**TRY IT:** All that is needed is the line containing "Horizontal FOV: 23.0°." and the lines after it to the end of the material, written out exactly, pictures left aside.
- - - - - - -
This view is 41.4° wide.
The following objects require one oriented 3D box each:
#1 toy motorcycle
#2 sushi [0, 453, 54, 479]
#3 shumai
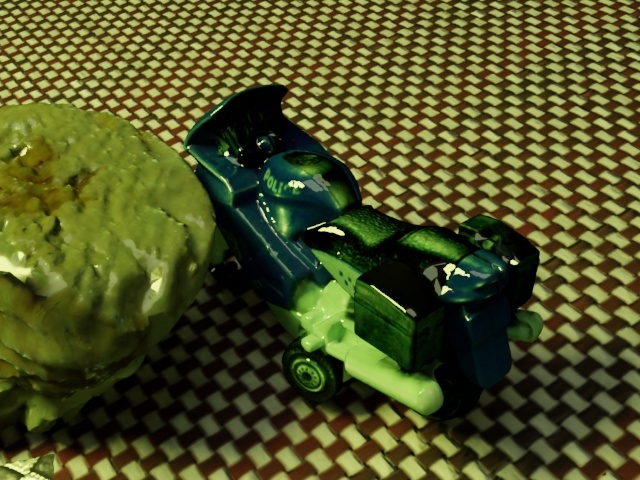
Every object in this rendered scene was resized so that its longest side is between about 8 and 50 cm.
[{"bbox_3d":[0.000,0.000,0.620,0.125,0.196,0.331,-27,39,-34],"label":"toy motorcycle"},{"bbox_3d":[-0.229,0.214,0.555,0.120,0.026,0.126,-12,49,-2],"label":"sushi"},{"bbox_3d":[-0.202,0.032,0.631,0.256,0.218,0.189,38,37,28],"label":"shumai"}]
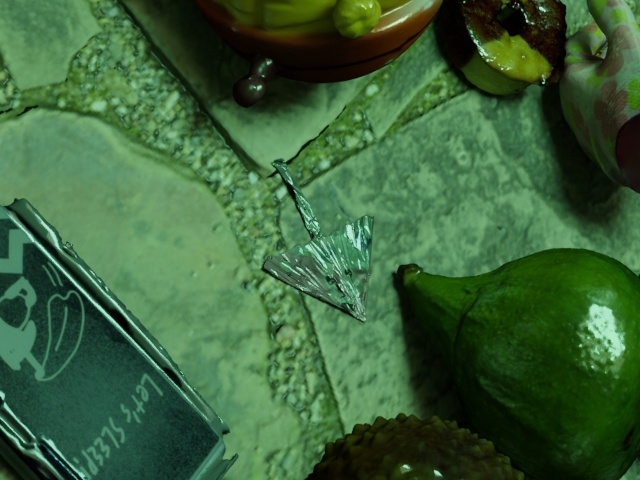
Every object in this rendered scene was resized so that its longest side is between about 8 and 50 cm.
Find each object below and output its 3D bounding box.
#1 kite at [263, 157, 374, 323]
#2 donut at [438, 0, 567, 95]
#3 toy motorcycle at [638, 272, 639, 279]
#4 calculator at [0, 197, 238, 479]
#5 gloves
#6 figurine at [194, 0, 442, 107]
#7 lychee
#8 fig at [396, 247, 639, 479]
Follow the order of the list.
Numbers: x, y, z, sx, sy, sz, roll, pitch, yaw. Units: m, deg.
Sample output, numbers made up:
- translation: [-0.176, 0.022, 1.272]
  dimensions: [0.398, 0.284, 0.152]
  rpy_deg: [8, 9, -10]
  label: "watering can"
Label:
- translation: [0.000, 0.000, 1.595]
  dimensions: [0.139, 0.011, 0.157]
  rpy_deg: [-21, 81, -44]
  label: "kite"
- translation: [0.171, -0.198, 1.797]
  dimensions: [0.140, 0.059, 0.140]
  rpy_deg: [17, 58, -29]
  label: "donut"
- translation: [0.376, 0.112, 1.739]
  dimensions: [0.206, 0.154, 0.260]
  rpy_deg: [16, 47, -2]
  label: "toy motorcycle"
- translation: [-0.184, 0.101, 1.389]
  dimensions: [0.274, 0.028, 0.166]
  rpy_deg: [48, 44, -8]
  label: "calculator"
- translation: [0.282, -0.143, 1.818]
  dimensions: [0.145, 0.126, 0.241]
  rpy_deg: [43, 11, -27]
  label: "gloves"
- translation: [0.017, -0.246, 1.615]
  dimensions: [0.320, 0.196, 0.323]
  rpy_deg: [17, 32, 24]
  label: "figurine"
- translation: [0.068, 0.225, 1.405]
  dimensions: [0.238, 0.200, 0.200]
  rpy_deg: [-16, 77, -54]
  label: "lychee"
- translation: [0.162, 0.096, 1.592]
  dimensions: [0.235, 0.203, 0.203]
  rpy_deg: [15, 48, 17]
  label: "fig"
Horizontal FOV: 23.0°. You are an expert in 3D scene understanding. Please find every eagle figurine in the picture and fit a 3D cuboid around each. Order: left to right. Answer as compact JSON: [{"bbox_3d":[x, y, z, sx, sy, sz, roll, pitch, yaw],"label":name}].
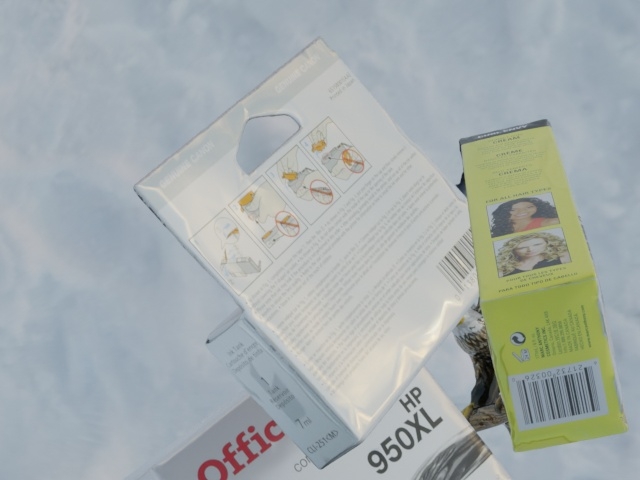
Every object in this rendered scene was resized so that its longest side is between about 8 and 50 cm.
[{"bbox_3d":[0.184,0.075,1.830,0.226,0.225,0.298,-6,70,-4],"label":"eagle figurine"}]

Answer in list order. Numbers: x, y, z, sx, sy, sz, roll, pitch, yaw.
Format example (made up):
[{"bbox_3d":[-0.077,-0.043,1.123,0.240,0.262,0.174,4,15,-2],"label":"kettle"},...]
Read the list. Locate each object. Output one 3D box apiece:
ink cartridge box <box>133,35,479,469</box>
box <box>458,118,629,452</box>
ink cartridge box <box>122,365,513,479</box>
[{"bbox_3d":[0.000,0.000,1.194,0.239,0.060,0.275,47,43,-2],"label":"ink cartridge box"},{"bbox_3d":[0.112,0.015,0.819,0.058,0.232,0.087,-13,112,7],"label":"box"},{"bbox_3d":[0.038,0.294,1.355,0.285,0.166,0.395,-36,86,-37],"label":"ink cartridge box"}]
- - - - - - -
**OUTPUT BELOW:**
Horizontal FOV: 23.0°. You are an expert in 3D scene understanding. Please find every eagle figurine in the picture and fit a 3D cuboid around each. Order: left to right. Answer as compact JSON: [{"bbox_3d":[x, y, z, sx, sy, sz, roll, pitch, yaw],"label":name}].
Every object in this rendered scene was resized so that its longest side is between about 8 and 50 cm.
[{"bbox_3d":[0.184,0.075,1.830,0.226,0.225,0.298,-6,70,-4],"label":"eagle figurine"}]

Answer in list order. Numbers: x, y, z, sx, sy, sz, roll, pitch, yaw.
Format example (made up):
[{"bbox_3d":[-0.077,-0.043,1.123,0.240,0.262,0.174,4,15,-2],"label":"kettle"},...]
Read the list. Locate each object. Output one 3D box apiece:
ink cartridge box <box>133,35,479,469</box>
box <box>458,118,629,452</box>
ink cartridge box <box>122,365,513,479</box>
[{"bbox_3d":[0.000,0.000,1.194,0.239,0.060,0.275,47,43,-2],"label":"ink cartridge box"},{"bbox_3d":[0.112,0.015,0.819,0.058,0.232,0.087,-13,112,7],"label":"box"},{"bbox_3d":[0.038,0.294,1.355,0.285,0.166,0.395,-36,86,-37],"label":"ink cartridge box"}]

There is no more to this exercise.